Barbora Osvaldová,  photo: iksz.fsv.cuni.cz
La question de l'impact des médias sur l' « opinion » alimente les discussions entre sociologues, journalistes et autres spécialistes du sujet. La télévision, la presse, la radio ou encore Internet définissent-ils les sujets légitimes, ceux qui peuvent et doivent être débattus ou se font-ils tout simplement le relais des opinions qui seraient présentes dans la société ? Barbora Osvaldová considère qu'il s'agit d'un mécanisme à double-sens, les médias influençant autant l' « opinion publique » qu'ils sont influencés par elle :

« Bien sûr, il y a cette possibilité d'établir l'agenda médiatique, de mettre en avant et de développer des thèmes qui vont ensuite être discutés au sein de la société. C'est un premier point. Il faut dire que cela peut aussi se produire dans le sens inverse : quelque chose ne va pas dans la société, et les journalistes doivent alors réagir à ce problème. C'est un mécanisme à double-sens. Mais, pour avoir observé nos grands médias, je dois dire que cela dépend des journalistes en service à un moment donné. Parce que si un journaliste a une opinion différente de celui qui était à son poste le jour précédent, il doit adapter ses commentaires et son actualité en conséquence. C'est ce qu'on appelle en principe un ' gate keeper ', c'est-à-dire le ' gardien des portes ', celui qui laisse passer les informations et en bloque d'autres. Ainsi, quelqu'un sélectionnera les nouvelles en fonction de ses intérêts et opinions. On voit donc des journaux qui écrivent un jour d'une certaine façon, et le lendemain, d'une façon totalement différente. Ils n'ont pas une orientation bien définie. »

Cependant, les sujets en une ne dépendent pas de la personnalité des journalistes. Les médias seraient dans l'ensemble relativement « suiveurs », influencés par leur environnement médiatique. Ils se copient entre eux pour sélectionner les informations qu'ils jugent dignes d'être publiées. Si un média développe un certain sujet, les autres auront ainsi tendance à en parler également, au lieu de s'en démarquer, afin de ne pas être écartés de la compétition. Le sujet acquiert une certaine légitimité puisque tout le monde en parle. Barbora Osvaldová considère que ces choix conduisent les journaux à mettre en avant des informations secondaires :

« Il y a trois mois, il y a eu cet accident d'un autobus belge. Quand on observait les éditions des journaux à ce moment-là, on constatait que toutes les rédactions plaçaient ce fait divers en première page. Ce qui est intéressant, c'est que le 15 mars, le lendemain de cet accident, c'est l'anniversaire d'un événement survenu en 1938, puisque les nazis envahissaient la Tchécoslovaquie. Et ces journaux n'avaient aucune information à ce sujet. Alors qu'ils parlaient tous de l'accident. C'est évidemment tragique, pourtant, selon moi, certaines nouvelles ne sont pas aussi essentielles que d'autres. Je considère que certaines informations sont plus importantes. »
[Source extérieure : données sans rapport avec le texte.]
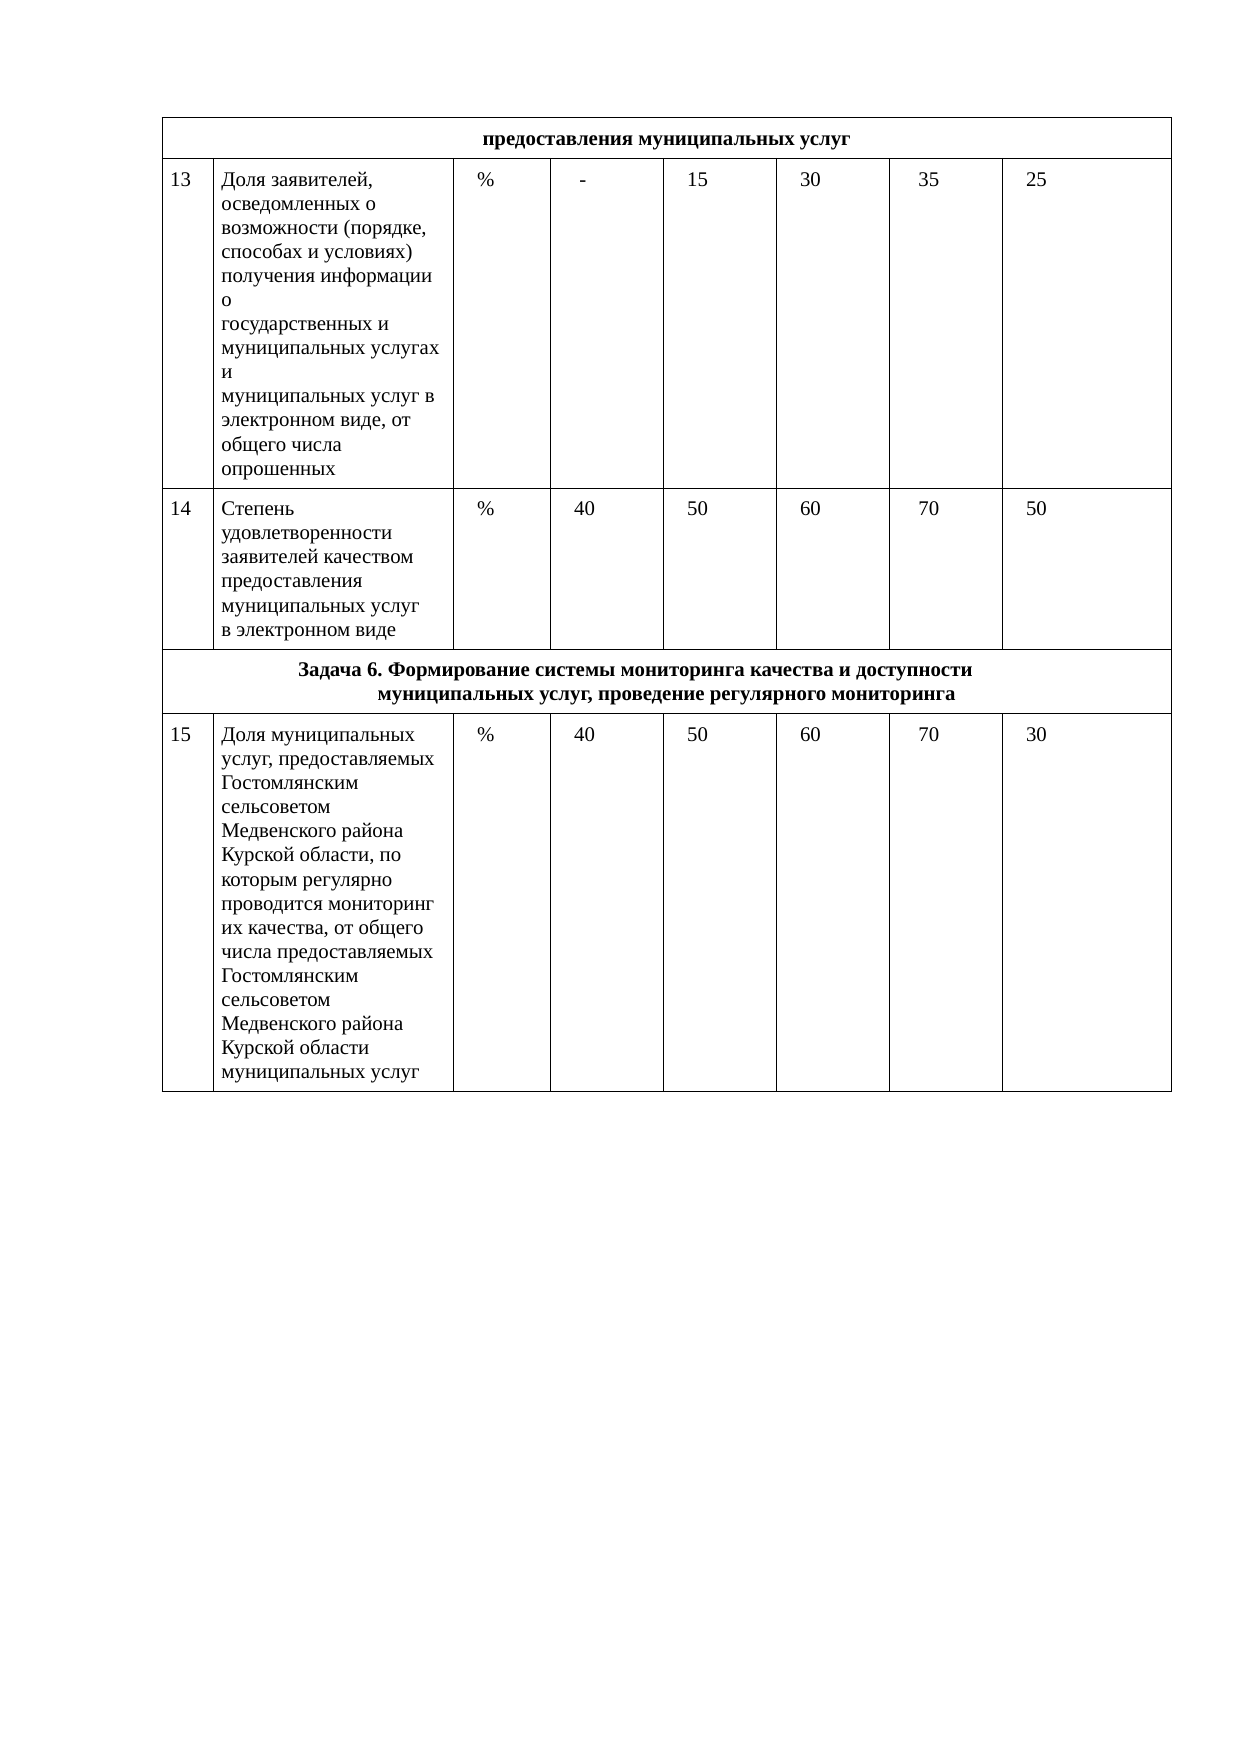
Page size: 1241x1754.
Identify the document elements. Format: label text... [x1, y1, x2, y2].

table_cell - [551, 159, 663, 487]
table_cell 30 [1003, 714, 1171, 1091]
table_cell % [454, 489, 550, 648]
table_cell 35 [890, 159, 1002, 487]
table_cell 50 [664, 714, 776, 1091]
table_cell 70 [890, 714, 1002, 1091]
table_cell % [454, 714, 550, 1091]
table_cell % [454, 159, 550, 487]
table_cell 40 [551, 489, 663, 648]
table_cell Доля муниципальных услуг, предоставляемых Гостомлянским сельсоветом Медвенского района Курской области, по которым регулярно проводится мониторинг их качества, от общего числа предоставляемых Гостомлянским сельсоветом Медвенского района Курской области муниципальных услуг [214, 714, 453, 1091]
table_cell Задача 6. Формирование системы мониторинга качества и доступности муниципальных услуг, проведение регулярного мониторинга [163, 650, 1171, 713]
table_cell 14 [163, 489, 213, 648]
table_cell 50 [664, 489, 776, 648]
table_cell 30 [777, 159, 889, 487]
table_cell 15 [664, 159, 776, 487]
table_cell 70 [890, 489, 1002, 648]
table_cell 50 [1003, 489, 1171, 648]
table_cell 60 [777, 714, 889, 1091]
table_cell 60 [777, 489, 889, 648]
table_cell Доля заявителей, осведомленных о возможности (порядке, способах и условиях) получения информации о государственных и муниципальных услугах и муниципальных услуг в электронном виде, от общего числа опрошенных [214, 159, 453, 487]
table_cell 13 [163, 159, 213, 487]
table_cell предоставления муниципальных услуг [163, 118, 1171, 158]
table_cell Степень удовлетворенности заявителей качеством предоставления муниципальных услуг в электронном виде [214, 489, 453, 648]
table_cell 25 [1003, 159, 1171, 487]
table_cell 40 [551, 714, 663, 1091]
table_cell 15 [163, 714, 213, 1091]

Cela m'énerve parfois de constater que les informations sélectionnées ne sont pas les plus importantes pour la société.

Selon Barbora Osvaldová, certaines informations sont ainsi occultées, volontairement ou non, alors que ce sont précisément celles qui devraient être développées :

« Cela m'énerve parfois de constater que les informations sélectionnées ne sont pas les plus importantes pour la société. Personnellement, je pense que les nouvelles internationales sont essentielles car elles influencent ce qui va se passer chez nous. Bien que cela puisse être l'inverse également. Parfois, vous apprenez par exemple qu’en République tchèque, les œufs sont plus chers et vous allez avoir des pages et des pages à ce sujet. Cette information va en cacher d'autres, par exemple, le début d'une guerre. Il m'apparaît bien plus important d'informer sur ce danger potentiel que sur le prix des œufs. »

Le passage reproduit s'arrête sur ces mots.